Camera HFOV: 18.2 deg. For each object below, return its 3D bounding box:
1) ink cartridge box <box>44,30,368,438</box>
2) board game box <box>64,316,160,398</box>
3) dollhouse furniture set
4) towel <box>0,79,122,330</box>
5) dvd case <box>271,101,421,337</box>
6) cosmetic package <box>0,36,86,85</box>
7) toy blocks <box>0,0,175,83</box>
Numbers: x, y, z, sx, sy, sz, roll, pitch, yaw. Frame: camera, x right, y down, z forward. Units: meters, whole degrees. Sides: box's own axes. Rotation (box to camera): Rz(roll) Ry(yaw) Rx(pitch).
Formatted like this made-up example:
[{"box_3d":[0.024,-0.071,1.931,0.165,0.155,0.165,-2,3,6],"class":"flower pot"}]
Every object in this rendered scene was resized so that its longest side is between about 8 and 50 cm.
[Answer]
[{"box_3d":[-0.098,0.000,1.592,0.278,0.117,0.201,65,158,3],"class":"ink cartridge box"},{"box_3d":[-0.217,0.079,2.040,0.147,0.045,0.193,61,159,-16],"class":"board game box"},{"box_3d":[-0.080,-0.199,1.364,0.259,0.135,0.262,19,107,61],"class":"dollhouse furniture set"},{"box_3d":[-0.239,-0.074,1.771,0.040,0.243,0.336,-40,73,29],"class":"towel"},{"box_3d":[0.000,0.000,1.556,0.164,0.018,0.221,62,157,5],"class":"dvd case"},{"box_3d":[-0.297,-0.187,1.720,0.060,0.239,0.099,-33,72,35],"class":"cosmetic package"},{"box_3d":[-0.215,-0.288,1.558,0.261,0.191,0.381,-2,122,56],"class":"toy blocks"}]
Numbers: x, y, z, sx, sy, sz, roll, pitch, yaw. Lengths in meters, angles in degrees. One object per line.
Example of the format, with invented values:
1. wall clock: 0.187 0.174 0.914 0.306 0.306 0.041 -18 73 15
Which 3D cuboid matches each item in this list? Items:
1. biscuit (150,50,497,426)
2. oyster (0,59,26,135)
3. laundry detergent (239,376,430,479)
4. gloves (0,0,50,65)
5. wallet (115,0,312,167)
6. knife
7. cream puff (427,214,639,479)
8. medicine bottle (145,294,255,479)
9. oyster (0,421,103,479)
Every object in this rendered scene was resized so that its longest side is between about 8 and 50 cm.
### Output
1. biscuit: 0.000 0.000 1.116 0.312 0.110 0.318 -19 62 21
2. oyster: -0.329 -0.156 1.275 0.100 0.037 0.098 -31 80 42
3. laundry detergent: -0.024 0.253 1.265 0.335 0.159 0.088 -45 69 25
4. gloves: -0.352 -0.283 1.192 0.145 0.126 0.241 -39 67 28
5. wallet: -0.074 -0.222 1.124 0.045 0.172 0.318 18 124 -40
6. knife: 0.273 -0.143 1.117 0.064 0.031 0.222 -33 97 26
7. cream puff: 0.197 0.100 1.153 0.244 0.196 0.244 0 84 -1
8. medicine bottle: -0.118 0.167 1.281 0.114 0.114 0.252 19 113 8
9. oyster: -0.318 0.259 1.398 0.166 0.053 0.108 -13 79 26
————
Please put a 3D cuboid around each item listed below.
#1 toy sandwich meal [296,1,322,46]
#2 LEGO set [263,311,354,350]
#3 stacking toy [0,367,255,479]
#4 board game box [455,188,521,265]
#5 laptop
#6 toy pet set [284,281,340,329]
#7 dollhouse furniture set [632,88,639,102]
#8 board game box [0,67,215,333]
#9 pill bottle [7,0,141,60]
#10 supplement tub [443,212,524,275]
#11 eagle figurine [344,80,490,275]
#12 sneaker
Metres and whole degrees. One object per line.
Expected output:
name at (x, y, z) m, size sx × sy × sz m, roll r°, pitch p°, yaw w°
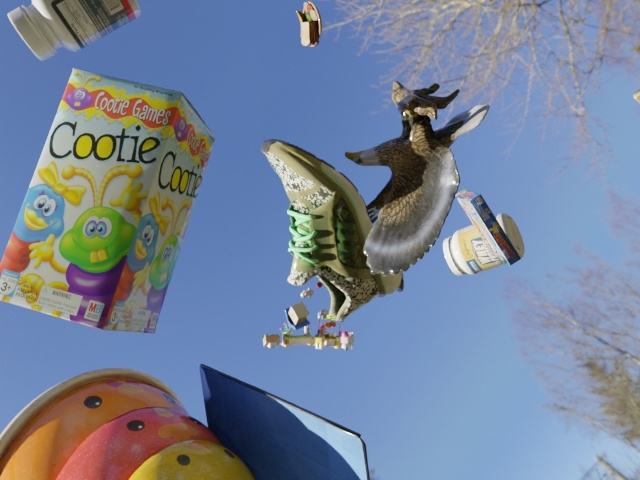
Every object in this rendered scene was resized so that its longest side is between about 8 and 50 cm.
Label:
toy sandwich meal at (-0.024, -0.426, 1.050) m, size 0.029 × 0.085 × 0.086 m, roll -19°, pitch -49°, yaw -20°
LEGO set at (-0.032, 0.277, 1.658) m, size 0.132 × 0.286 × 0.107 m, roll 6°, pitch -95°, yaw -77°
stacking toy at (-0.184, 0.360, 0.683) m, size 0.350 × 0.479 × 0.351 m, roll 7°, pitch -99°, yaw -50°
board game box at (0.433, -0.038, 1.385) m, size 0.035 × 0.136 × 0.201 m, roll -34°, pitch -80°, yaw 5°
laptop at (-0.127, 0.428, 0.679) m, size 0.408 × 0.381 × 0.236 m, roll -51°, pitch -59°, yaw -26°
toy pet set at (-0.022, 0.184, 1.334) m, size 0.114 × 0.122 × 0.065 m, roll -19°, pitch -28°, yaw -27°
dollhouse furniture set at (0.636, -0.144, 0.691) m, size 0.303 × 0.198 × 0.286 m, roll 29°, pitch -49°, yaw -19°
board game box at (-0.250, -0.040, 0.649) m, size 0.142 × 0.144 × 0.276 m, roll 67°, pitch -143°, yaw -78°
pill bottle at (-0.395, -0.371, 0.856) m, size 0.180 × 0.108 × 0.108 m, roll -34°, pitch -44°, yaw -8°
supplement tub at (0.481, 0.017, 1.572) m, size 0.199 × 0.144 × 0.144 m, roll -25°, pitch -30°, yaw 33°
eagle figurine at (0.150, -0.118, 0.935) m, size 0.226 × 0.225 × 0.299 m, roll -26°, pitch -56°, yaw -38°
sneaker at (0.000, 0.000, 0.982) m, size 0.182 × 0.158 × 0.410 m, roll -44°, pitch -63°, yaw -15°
————
Go through the material above and output exactly the lines from the one containing "Camera HFOV: 18.2" through the one containing "7) toy blocks <box>0,0,175,83</box>".

[Response to the exercise]
Camera HFOV: 18.2 deg. For each object below, return its 3D bounding box:
1) ink cartridge box <box>44,30,368,438</box>
2) board game box <box>64,316,160,398</box>
3) dollhouse furniture set
4) towel <box>0,79,122,330</box>
5) dvd case <box>271,101,421,337</box>
6) cosmetic package <box>0,36,86,85</box>
7) toy blocks <box>0,0,175,83</box>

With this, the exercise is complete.